Because I know that many of my readers are yogis, I want to emphasize this point – Ayurveda is not a separate thing from yoga. Ayurveda is yoga. Ayurveda is the diet and lifestyle practices of yoga. It is yoga off the yoga mat. 

Why does Ayurveda recommend seasonal detoxing? 

Because we are part of nature, when nature goes through a seasonal transition, we do as well. After summer, we all have accumulated heat in our bodies, as do animals and plants. Heat accumulates and rises. We see this in the trees, as heat rises to their leaves, the leaves then turn colors, dry and fall off. That is how trees detox and rid themselves of summer heat.

After the harvest, when there are no more fruits or berries for the wild animals to eat, they naturally detox, just due to lack of available food. That is how they dissipate heat and prepare for winter.
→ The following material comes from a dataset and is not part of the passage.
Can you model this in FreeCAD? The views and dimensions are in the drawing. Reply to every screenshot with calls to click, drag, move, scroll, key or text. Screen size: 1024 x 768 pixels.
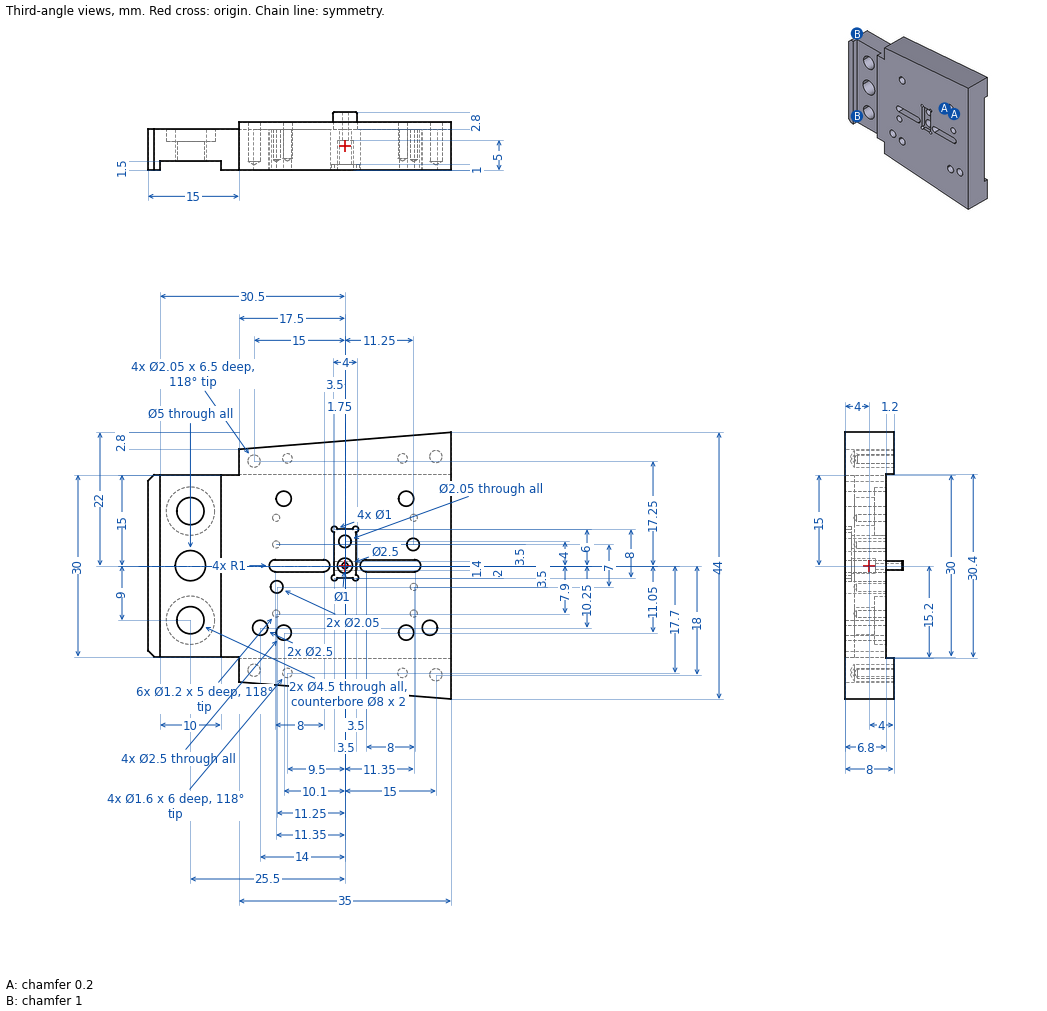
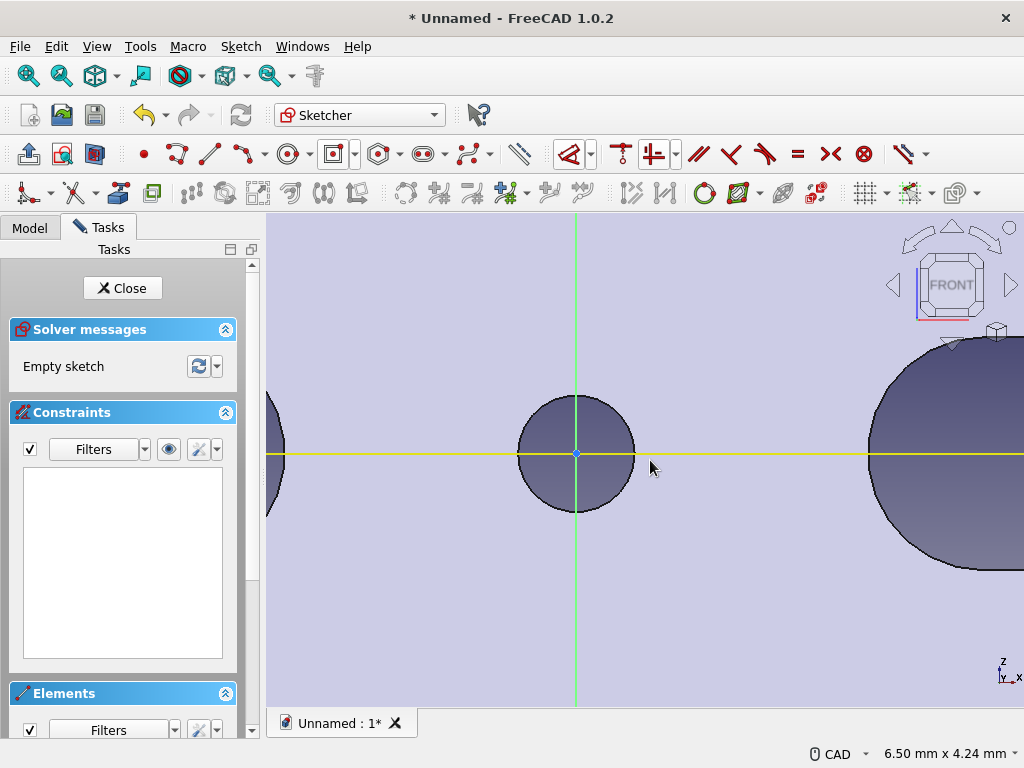
click(288, 154)

What happens to us if we do not cleanse the heat from our bodies? The heat rises and dries out our sinuses, making them less able to protect us from pollen and other airborne irritants. This causes the sinuses to produce excess mucus. All this equals lots of fall allergies and predisposes us to colds and other winter sicknesses.

A gentle fall cleanse helps remove the excess heat and sets us up for a healthier fall and winter.
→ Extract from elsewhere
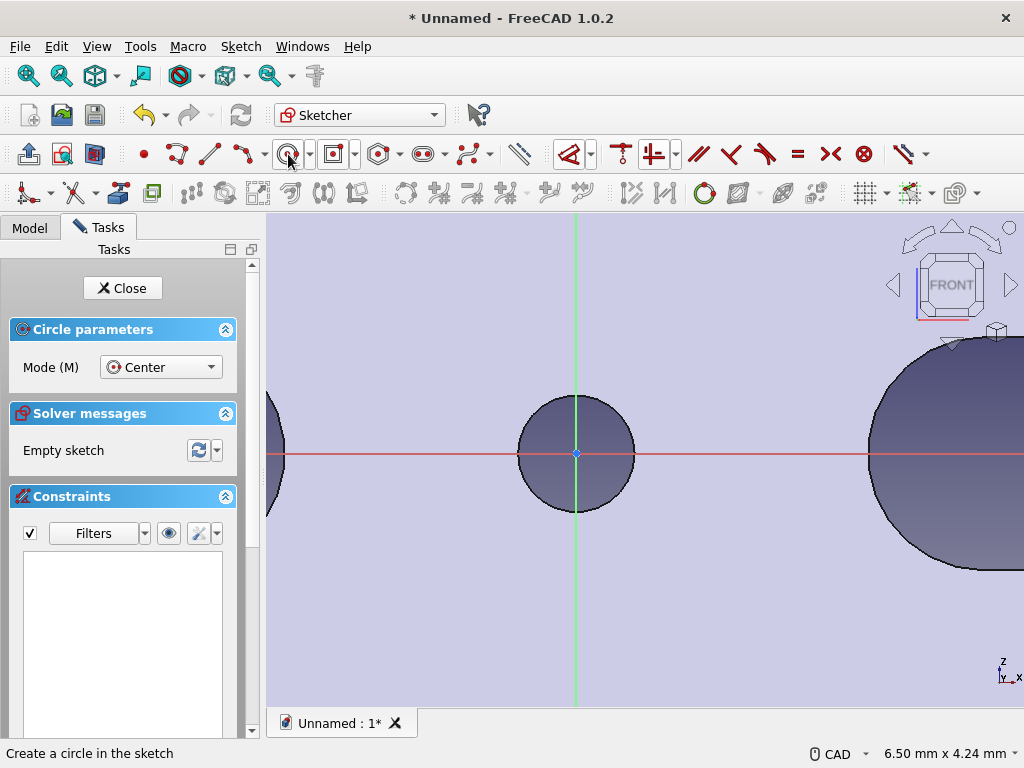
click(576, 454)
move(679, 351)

I’ll be leading an online fall detox, starting October 13. It’s suitable for both the new and experienced detoxer. It can be gentle or deep. And it’s probably the most affordable online detox you’ll find. You’ll get a lot for your investment.
Learn more here. 

What can you do now?

As we transition from summer to fall, continue to eat the fruits and vegetables of the season. Apples are particularly good at removing heat from the body. Melons, green juices and salads are still good. Though it’s tempting to dive into heavier warming foods as the temperatures begin to drop, it’s not quite time. Opt for a lighter soup and some root vegetables when you’re yearning for cold-weather food. It’s transition time, but it needs to be taken slowly. If it’s at the farmers market, it’s a go. Eat what’s in season and you can’t go too far wrong.

I hope you’ve found my intro to Ayurveda and cleansing interesting. More to come.